The Consumer Price Index (CPI), reported by the Bureau of Labor Statistics (BLS), slipped in May due to a decline in energy prices.
The CPI declined at a seasonally adjusted annual rate of 1.5% in May, following a 2.0% increase in April. Excluding the volatile food and energy components, “core” CPI increased at a seasonally adjusted annual rate of 0.8%, after the 0.9% increase in April.
The price index for a broad set of energy sources dropped at a seasonally adjusted annual rate of 28.2%, after the 14.6% increase in April. The sharp decline in energy prices contributed to the decline in overall prices. Besides energy prices, the indexes for apparel, communication, and medical care services declined too.

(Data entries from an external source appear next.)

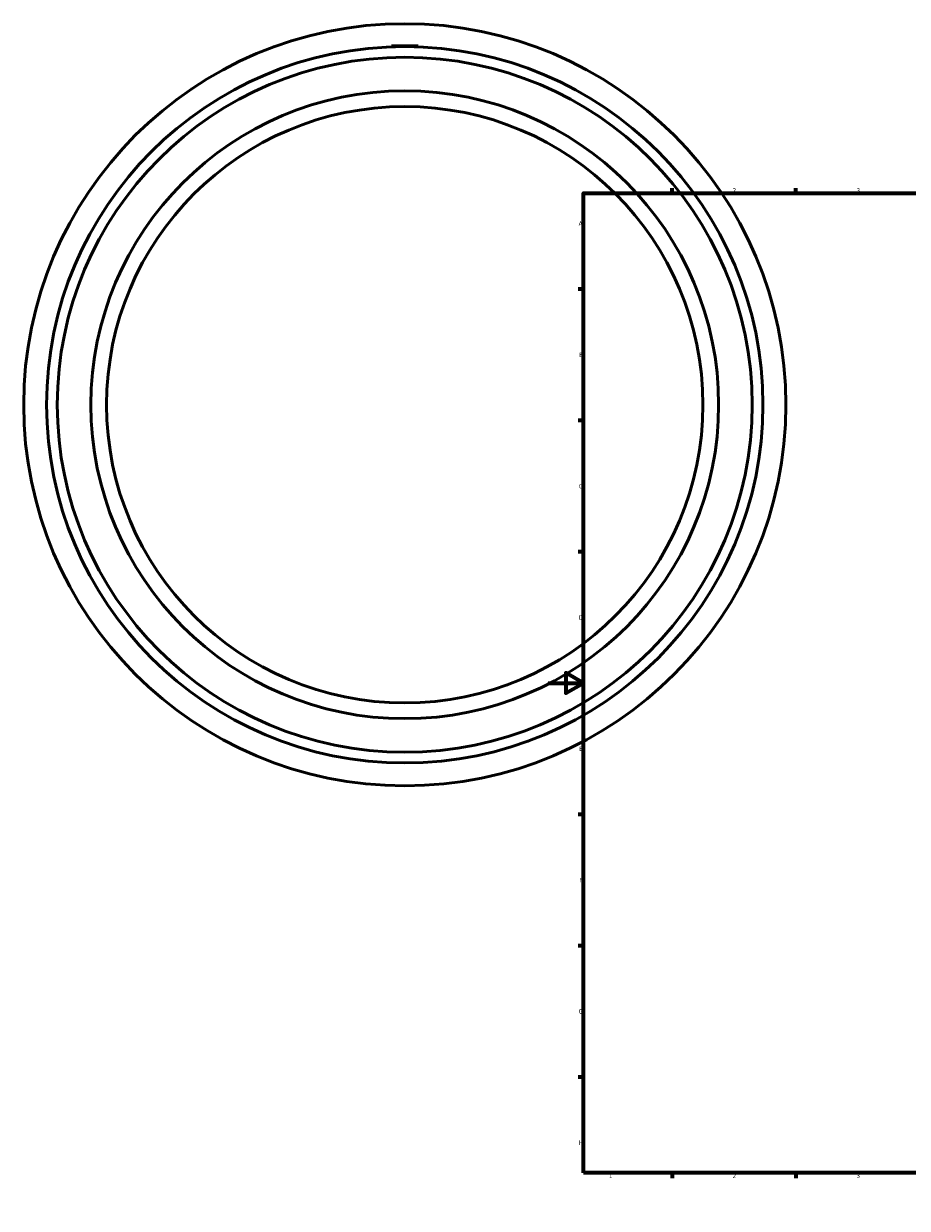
# Model space of a CAD drawing. Header units: millimetres. Extents: x -297 to 1386, y -348 to 1891.
# Tile 1 of 7: x -297 to 203, y 0 to 670. Entities that reach past the tile are written whole.
import ezdxf

# ---------------------------------------------------------------- set-up
doc = ezdxf.new("R2010")
doc.units = ezdxf.units.MM
doc.layers.add('Border (ISO)', color=7, linetype='Continuous', lineweight=70)
doc.layers.add('Visible (ISO)', color=7, linetype='Continuous', lineweight=50)
doc.styles.add('Note Text (ISO)', font='tahoma.ttf')

# ---------------------------------------------------------------- blocks, each defined once
blk = doc.blocks.new('Borders Default Border')
at = {"layer": 'Border (ISO)'}
for p, q in [((70.08, 574), (70.08, 576.9)), ((140.17, 574), (140.17, 576.9)), ((210.25, 574), (210.25, 576.9)), ((280.33, 574), (280.33, 576.9)), ((350.42, 574), (350.42, 576.9)), ((490.58, 574), (490.58, 576.9)), ((560.67, 574), (560.67, 576.9)), ((630.75, 574), (630.75, 576.9)), ((700.83, 574), (700.83, 576.9)), ((770.92, 574), (770.92, 576.9)), ((20, 519.75), (17.1, 519.75)), ((821, 519.75), (823.9, 519.75)), ((20, 445.5), (17.1, 445.5)), ((821, 445.5), (823.9, 445.5)), ((20, 371.25), (17.1, 371.25)), ((821, 371.25), (823.9, 371.25)), ((20, 222.75), (17.1, 222.75)), ((821, 222.75), (823.9, 222.75)), ((20, 148.5), (17.1, 148.5)), ((821, 148.5), (823.9, 148.5)), ((20, 74.25), (17.1, 74.25)), ((821, 74.25), (823.9, 74.25)), ((70.08, 20), (70.08, 17.1)), ((140.17, 20), (140.17, 17.1)), ((210.25, 20), (210.25, 17.1)), ((280.33, 20), (280.33, 17.1)), ((350.42, 20), (350.42, 17.1)), ((490.58, 20), (490.58, 17.1)), ((560.67, 20), (560.67, 17.1)), ((630.75, 20), (630.75, 17.1)), ((700.83, 20), (700.83, 17.1)), ((770.92, 20), (770.92, 17.1))]:
    blk.add_line(p, q, dxfattribs=at)
at = {"layer": 'Border (ISO)', "flags": 128}
for points in [[(420.5, 594), (420.5, 574), (414.73, 584), (426.27, 584), (420.5, 574)], [(20, 20), (20, 574), (821, 574), (821, 20), (20, 20)], [(0, 297), (20, 297), (10, 302.77), (10, 291.23), (20, 297)], [(841, 297), (821, 297), (831, 302.77), (831, 291.23), (821, 297)], [(420.5, 0), (420.5, 20), (414.73, 10), (426.27, 10), (420.5, 20)]]:
    blk.add_lwpolyline(points, dxfattribs=at)
at = {"layer": 'Border (ISO)', "color": 232, "true_color": 0xca0064, "char_height": 2.5, "attachment_point": 7, "style": 'Note Text (ISO)'}
for s, insert in [('1', (34.48, 574.4)), ('2', (104.37, 574.4)), ('3', (174.43, 574.35)), ('4', (244.42, 574.4)), ('5', (314.64, 574.35)), ('6', (384.66, 574.35)), ('7', (454.77, 574.4)), ('8', (524.81, 574.34)), ('9', (594.88, 574.35)), ('10', (664.29, 574.35)), ('11', (734.37, 574.4)), ('12', (804.46, 574.4)), ('A', (17.29, 555.62)), ('A', (821.59, 555.62)), ('B', (17.59, 481.38)), ('B', (821.89, 481.38)), ('C', (17.43, 407.08)), ('C', (821.73, 407.08)), ('D', (17.43, 332.88)), ('D', (821.73, 332.88)), ('E', (17.64, 258.63)), ('E', (821.94, 258.63)), ('F', (17.7, 184.38)), ('F', (822, 184.38)), ('G', (17.31, 110.08)), ('G', (821.61, 110.08)), ('H', (17.44, 35.88)), ('H', (821.74, 35.88)), ('1', (34.48, 17.1)), ('2', (104.37, 17.1)), ('3', (174.43, 17.05)), ('4', (244.42, 17.1)), ('5', (314.64, 17.05)), ('6', (384.66, 17.05)), ('7', (454.77, 17.1)), ('8', (524.81, 17.04)), ('9', (594.88, 17.05)), ('10', (664.29, 17.05)), ('11', (734.37, 17.1)), ('12', (804.46, 17.1))]:
    blk.add_mtext(s, dxfattribs=dict(at, insert=insert))

msp = doc.modelspace()

# ---------------------------------------------------------------- linework, layer by layer
at = {"layer": 'Visible (ISO)'}
for p, q in [((-88.541, 657.427), (-88.591, 656.857)), ((-73.541, 657.427), (-88.541, 657.427)), ((-73.541, 657.427), (-73.492, 656.857))]:
    msp.add_line(p, q, dxfattribs=at)
for radius in [215.5, 202.57, 196.493, 177.5, 168.625]:
    msp.add_circle((-81.041, 454.427), radius, dxfattribs=at)

# ---------------------------------------------------------------- block references
msp.add_blockref('Borders Default Border', (0, 0))

doc.saveas('drawing.dxf')

NAHB constructs a “real” rent index to indicate whether inflation in rents is faster or slower than overall inflation. It provides insight into the supply and demand conditions for rental housing. When inflation in rents is rising faster (slower) than overall inflation, the real rent index rises (declines). The real rent index is calculated by dividing the price index for rent by the core CPI (to exclude the volatile food and energy components).
After declines during the recession, inflation in real rents accelerated from 2012 to 2014, a period of strong recovery in the multifamily sector, reaching a peak average annual rate of 1.7% in 2014. In 2015, real rent inflation slowed down slightly, averaging 1.6%. In May of 2017, the real rent index rose at a seasonally adjusted annual rate of 3.5%, after the 2.8% increase in April.